Afinal, estamos todos acostumados à perspectiva moderna,
pós-nietzschiana, de mundo, onde acreditamos que nossas escolhas tem
um sentido, e que controlamos as rédeas de nossas vidas. Confrontar
as pessoas criadas nesse mundo e que só possuem essa perspectiva de
vida com a visão clássica da Fortuna, de um destino pré-definido e
imutável, é uma ótima sacada pois, mesmo que, de modo geral,
ninguém entenda e se sinta frustrado, ao menos é uma forma de tirar
essas pessoas de sua zona de conforto e mostrar que há, sim, modos
de pensar além do espaço entre o teclado e a cadeira.
E o roteiro de Mass Effect 3 nos joga essa concepção na cara
a todo momento, mas toda uma geração de games que seguem sempre os
mesmos moldes nos tornaram arrogantes, o suficiente a ponto de
acharmos que podemos prever o andamento de uma história por si só,
e delegar os diálogos e toda contextualização de seu roteiro para
mero preenchimento de horas de jogo. E vem a EA, justamente a
destruidora de sonhos EA, e nos lembra o quanto estamos errados.

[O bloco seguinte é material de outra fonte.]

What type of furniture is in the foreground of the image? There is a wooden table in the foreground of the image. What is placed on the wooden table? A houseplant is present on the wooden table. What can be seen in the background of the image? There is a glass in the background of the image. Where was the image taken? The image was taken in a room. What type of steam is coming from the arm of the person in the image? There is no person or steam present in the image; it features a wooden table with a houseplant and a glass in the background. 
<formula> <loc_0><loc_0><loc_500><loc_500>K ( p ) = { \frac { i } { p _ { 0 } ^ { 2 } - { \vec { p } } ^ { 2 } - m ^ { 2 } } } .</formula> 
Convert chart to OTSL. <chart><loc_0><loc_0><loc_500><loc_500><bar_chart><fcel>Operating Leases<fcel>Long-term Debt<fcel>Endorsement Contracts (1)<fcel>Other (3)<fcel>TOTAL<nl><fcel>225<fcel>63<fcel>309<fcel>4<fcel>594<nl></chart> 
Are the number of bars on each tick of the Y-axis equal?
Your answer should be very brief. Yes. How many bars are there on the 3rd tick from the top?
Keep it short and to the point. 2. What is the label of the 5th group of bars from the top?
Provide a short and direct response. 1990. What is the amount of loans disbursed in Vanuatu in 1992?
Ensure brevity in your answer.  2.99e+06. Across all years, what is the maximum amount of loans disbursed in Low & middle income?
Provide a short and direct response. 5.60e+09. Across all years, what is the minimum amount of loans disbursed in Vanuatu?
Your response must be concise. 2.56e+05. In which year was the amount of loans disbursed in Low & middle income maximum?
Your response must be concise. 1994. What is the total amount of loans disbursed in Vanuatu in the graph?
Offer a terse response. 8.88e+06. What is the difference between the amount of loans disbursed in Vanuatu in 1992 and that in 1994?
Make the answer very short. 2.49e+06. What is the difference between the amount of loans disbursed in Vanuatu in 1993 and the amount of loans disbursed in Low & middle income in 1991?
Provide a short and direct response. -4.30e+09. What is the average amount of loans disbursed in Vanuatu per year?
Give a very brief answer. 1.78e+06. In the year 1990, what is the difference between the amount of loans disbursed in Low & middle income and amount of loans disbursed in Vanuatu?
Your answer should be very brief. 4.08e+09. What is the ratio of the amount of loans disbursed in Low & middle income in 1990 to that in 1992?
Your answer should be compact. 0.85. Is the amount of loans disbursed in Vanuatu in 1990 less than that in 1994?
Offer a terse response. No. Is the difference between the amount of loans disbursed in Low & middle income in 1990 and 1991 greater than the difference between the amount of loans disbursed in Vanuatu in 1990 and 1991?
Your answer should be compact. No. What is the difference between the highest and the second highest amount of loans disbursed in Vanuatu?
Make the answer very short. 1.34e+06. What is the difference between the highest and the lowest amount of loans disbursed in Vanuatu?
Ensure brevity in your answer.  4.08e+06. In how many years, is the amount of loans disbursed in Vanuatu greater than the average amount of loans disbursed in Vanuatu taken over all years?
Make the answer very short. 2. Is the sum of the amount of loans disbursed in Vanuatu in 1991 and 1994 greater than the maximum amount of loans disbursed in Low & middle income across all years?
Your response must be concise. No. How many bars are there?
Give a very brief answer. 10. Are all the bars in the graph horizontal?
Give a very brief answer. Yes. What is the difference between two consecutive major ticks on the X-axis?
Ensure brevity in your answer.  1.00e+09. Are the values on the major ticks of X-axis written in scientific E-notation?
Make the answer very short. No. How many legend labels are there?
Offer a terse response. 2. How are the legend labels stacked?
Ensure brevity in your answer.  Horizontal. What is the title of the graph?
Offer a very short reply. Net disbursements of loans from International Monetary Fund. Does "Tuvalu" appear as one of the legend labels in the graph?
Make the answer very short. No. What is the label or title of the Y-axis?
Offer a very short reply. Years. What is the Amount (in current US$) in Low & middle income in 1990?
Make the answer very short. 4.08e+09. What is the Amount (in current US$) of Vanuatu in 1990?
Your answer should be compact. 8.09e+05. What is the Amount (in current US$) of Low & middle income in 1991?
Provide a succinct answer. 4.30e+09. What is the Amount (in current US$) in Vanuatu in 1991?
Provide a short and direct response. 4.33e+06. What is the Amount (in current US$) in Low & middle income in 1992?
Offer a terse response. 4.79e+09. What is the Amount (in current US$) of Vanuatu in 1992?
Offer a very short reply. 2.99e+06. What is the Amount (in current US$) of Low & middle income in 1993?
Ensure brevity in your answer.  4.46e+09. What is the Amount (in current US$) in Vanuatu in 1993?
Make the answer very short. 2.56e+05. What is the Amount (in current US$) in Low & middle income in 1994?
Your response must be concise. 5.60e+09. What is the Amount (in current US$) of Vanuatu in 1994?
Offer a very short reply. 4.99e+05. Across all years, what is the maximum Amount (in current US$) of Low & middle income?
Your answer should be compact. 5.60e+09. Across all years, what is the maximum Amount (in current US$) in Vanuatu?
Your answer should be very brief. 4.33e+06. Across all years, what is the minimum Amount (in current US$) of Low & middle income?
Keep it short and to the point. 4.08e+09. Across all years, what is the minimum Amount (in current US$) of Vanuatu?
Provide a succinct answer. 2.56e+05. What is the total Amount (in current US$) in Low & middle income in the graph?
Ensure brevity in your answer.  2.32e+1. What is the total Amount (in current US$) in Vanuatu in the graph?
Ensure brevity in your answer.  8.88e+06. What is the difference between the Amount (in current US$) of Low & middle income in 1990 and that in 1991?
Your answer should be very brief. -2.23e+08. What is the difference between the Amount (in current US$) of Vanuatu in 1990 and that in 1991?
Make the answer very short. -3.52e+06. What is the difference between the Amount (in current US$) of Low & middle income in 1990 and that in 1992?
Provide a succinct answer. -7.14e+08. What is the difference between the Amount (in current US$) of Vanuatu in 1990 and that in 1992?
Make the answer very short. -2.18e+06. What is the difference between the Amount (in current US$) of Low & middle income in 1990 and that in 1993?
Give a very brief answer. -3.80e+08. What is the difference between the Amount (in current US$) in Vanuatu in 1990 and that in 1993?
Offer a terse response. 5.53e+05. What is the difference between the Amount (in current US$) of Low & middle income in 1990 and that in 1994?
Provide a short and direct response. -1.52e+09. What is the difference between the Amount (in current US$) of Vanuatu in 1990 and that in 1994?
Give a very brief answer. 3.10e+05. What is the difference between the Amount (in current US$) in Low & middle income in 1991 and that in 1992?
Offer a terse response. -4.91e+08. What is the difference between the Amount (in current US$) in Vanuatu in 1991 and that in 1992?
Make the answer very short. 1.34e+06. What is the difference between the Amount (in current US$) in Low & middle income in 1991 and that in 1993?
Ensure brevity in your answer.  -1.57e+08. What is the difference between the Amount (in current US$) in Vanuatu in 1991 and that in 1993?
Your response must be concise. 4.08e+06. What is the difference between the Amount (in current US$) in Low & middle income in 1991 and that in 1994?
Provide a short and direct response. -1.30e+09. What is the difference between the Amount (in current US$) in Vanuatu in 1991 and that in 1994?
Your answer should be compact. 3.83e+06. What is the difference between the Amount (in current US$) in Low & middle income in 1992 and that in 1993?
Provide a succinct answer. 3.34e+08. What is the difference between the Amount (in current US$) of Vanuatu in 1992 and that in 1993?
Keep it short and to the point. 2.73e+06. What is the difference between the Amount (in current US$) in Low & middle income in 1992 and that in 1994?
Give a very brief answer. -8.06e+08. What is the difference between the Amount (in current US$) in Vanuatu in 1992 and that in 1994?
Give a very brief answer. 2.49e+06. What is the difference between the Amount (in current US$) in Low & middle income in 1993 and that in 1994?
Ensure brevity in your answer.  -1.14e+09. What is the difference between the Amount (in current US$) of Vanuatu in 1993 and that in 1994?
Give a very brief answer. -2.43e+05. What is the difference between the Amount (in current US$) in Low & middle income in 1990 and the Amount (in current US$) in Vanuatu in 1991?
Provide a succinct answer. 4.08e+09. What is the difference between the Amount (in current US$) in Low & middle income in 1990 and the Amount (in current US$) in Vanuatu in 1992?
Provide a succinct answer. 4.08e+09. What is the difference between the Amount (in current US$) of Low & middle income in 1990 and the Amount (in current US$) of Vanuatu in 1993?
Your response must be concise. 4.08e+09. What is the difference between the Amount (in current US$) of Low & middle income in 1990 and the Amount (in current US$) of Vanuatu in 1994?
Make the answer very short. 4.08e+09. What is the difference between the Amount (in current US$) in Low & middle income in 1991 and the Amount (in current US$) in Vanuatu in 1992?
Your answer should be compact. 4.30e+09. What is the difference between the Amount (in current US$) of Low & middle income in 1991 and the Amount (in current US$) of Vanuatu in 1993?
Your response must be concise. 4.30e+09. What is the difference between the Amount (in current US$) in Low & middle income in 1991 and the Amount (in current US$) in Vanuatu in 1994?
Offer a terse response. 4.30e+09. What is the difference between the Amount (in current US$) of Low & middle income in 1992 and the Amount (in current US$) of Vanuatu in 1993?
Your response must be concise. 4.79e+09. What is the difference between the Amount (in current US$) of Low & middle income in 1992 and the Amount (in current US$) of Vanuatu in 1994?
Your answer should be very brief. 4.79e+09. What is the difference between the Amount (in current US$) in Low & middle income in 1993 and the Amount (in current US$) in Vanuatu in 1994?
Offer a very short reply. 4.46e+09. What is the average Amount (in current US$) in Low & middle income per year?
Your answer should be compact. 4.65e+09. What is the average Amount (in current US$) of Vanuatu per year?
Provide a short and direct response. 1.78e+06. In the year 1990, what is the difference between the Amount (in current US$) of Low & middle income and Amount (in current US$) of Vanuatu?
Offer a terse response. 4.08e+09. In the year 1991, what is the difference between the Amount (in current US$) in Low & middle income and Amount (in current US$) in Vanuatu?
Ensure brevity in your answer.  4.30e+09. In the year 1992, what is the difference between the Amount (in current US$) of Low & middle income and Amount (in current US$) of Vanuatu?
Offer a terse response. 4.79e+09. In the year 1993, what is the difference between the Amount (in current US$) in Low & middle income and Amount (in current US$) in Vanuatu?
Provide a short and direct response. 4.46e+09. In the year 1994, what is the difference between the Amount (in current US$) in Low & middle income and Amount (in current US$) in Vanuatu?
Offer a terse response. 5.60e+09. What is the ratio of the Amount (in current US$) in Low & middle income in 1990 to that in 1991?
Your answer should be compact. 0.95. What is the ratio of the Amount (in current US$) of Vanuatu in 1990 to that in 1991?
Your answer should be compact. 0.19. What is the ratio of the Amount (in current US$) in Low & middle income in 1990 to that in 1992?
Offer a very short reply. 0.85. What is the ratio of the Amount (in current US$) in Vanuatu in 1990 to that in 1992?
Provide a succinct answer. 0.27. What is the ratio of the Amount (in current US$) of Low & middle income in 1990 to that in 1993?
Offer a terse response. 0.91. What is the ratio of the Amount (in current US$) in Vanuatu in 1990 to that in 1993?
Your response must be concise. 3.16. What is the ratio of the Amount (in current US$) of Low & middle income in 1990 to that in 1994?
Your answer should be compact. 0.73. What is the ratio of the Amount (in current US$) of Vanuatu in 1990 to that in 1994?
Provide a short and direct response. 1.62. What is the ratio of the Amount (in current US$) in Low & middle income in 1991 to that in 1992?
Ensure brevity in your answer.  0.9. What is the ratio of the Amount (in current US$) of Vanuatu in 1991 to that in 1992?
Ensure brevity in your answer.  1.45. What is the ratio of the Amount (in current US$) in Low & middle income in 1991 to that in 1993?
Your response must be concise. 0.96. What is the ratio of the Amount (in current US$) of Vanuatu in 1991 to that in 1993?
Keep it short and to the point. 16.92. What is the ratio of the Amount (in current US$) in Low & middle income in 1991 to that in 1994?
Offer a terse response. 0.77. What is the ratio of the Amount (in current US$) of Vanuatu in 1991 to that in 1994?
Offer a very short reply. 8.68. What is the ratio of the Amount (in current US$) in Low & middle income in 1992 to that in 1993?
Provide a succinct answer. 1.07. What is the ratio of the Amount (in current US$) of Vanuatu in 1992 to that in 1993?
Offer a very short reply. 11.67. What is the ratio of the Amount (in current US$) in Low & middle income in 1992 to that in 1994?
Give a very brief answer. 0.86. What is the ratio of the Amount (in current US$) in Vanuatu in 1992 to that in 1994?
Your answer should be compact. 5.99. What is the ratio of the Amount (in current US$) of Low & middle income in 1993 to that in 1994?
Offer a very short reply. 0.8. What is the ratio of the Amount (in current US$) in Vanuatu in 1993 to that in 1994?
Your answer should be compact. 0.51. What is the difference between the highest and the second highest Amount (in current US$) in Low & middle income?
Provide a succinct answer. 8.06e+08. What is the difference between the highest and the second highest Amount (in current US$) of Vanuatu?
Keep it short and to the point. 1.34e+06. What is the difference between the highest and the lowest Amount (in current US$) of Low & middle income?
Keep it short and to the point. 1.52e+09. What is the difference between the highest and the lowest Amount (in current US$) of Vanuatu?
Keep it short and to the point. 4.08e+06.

Você pode até não gostar do resultado final. Pode achar que seria
muito mais legal se o jogo oferecesse 157 finais totalmente
diferentes e distintos entre si. Você pode achar isso, é seu
direito e deve ser respeitado. Mas não pode nunca falar que os roteiristas de Mass Effect 3
“cagaram no pau” e destruíram a série.
E se foram geniais e nós que fomos burros demais pra perceber isso?